Opening on a cluttered stage, where, amidst paintings, photographs and a suitcase filled with assorted items, sits a man wearing a photo-mask of another man's face. He tells us that he is not in fact Jonas Müller, but rather a stranger, asked to perform this piece by a girl so pretty he couldn't say no.
It's an intriguing beginning, especially to those familiar with any of the previous work of the performer in question. The intrigue grows as the audience is told the show's central premise and device and, through that, we are led through the story to learn more and more about Müller and his masterpiece, the result of four years of his slaving away in his bedroom creating it, the reasons behind it and the regrets that stem from its creation.

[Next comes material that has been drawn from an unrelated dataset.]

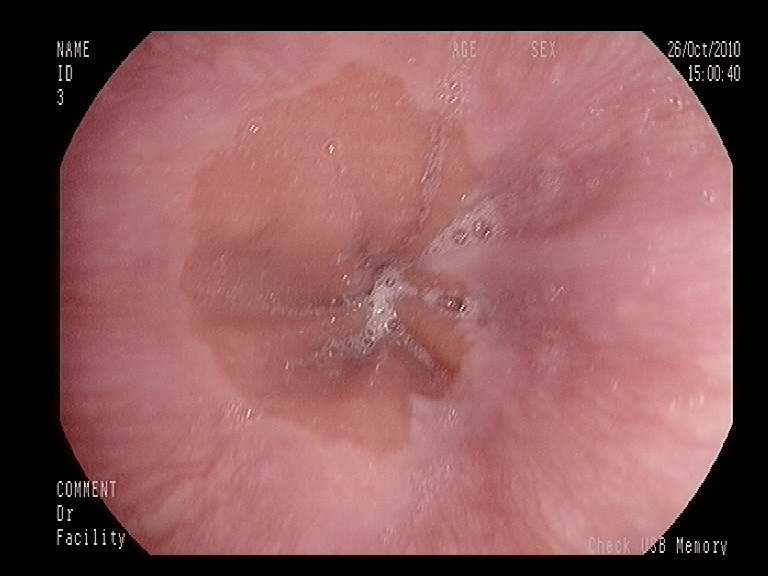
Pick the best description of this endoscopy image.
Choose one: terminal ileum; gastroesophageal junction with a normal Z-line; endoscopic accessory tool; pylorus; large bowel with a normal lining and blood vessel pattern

gastroesophageal junction with a normal Z-line
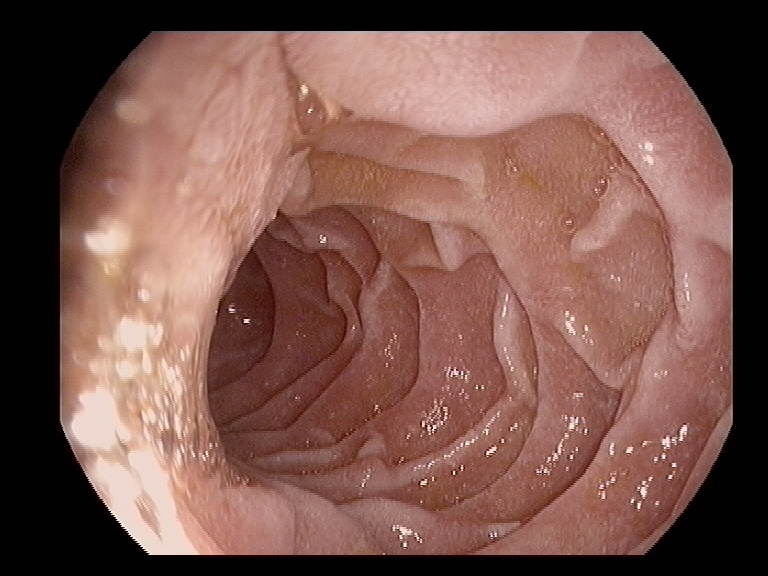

In many ways, it's a curiously offhand and interactive piece, as the performer, Tim Honnef, makes many brief asides to the audience while reading from an A4 sheaf of papers and a handwritten book of poems, holding up photo-prints and paintings as instructed by the script. The effect is at first discombobulating, and the artifice through which the story is being told feels deliberately distancing. However, this passes and the piece reaches a touching and clever, if not wholly unexpected, finale.
As an idea, this could have been a failure, but the resonant depth and feeling that Honnef injects into the piece, despite his affected indifference and separation from the events, manages to make this a fascinating curiosity of the Fringe and an intriguing piece of experimental theatre.